▶ _DIRECTIONS_: If a line in the records below contains the word "degrees", copy it.

──────── ENTRIES SHOWN ────────

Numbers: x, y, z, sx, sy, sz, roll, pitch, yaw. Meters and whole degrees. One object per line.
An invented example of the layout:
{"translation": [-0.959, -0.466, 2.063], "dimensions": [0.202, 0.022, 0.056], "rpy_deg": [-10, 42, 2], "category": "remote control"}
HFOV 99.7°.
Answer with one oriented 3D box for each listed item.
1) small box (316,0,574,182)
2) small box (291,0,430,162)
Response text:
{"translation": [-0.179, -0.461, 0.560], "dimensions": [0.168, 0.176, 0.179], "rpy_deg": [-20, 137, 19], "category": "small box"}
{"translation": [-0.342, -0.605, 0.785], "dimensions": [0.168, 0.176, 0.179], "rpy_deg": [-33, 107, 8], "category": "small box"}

────────
──────── ENTRIES SHOWN ────────

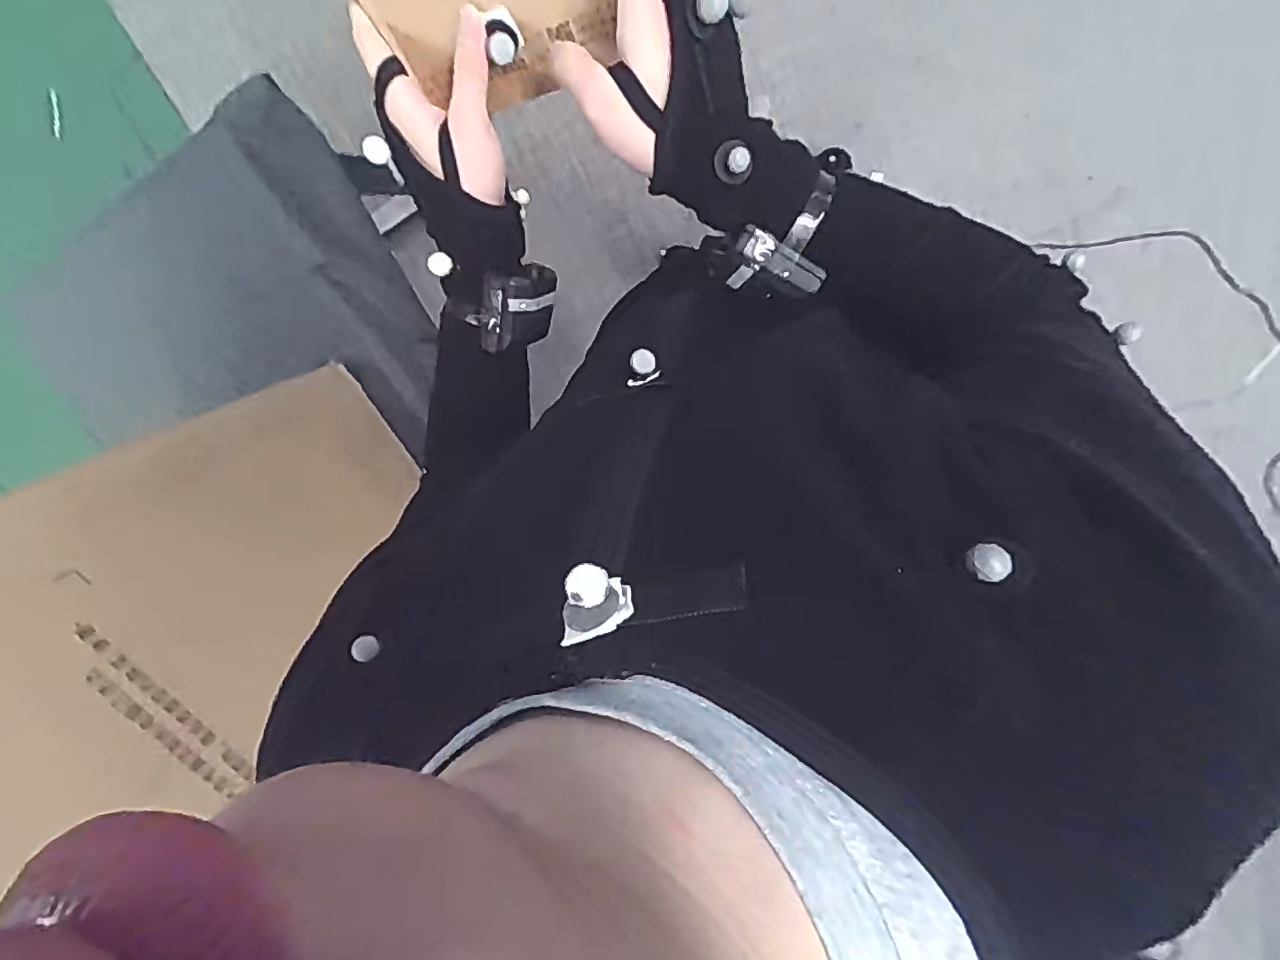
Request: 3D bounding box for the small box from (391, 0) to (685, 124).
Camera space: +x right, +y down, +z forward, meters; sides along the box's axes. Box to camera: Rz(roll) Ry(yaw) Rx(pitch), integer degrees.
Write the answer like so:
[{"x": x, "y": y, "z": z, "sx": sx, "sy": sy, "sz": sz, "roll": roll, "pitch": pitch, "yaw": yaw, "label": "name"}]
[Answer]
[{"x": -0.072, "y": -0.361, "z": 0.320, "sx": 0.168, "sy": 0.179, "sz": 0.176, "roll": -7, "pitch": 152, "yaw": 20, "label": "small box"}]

────────

▶ _SOLUTION FOR THIS EXERCISE_:
Numbers: x, y, z, sx, sy, sz, roll, pitch, yaw. Meters and whole degrees. One object per line.
Camera space: +x right, +y down, +z forward, meters; sides along the box's axes. Box to camera: Rz(roll) Ry(yaw) Rx(pitch), integer degrees.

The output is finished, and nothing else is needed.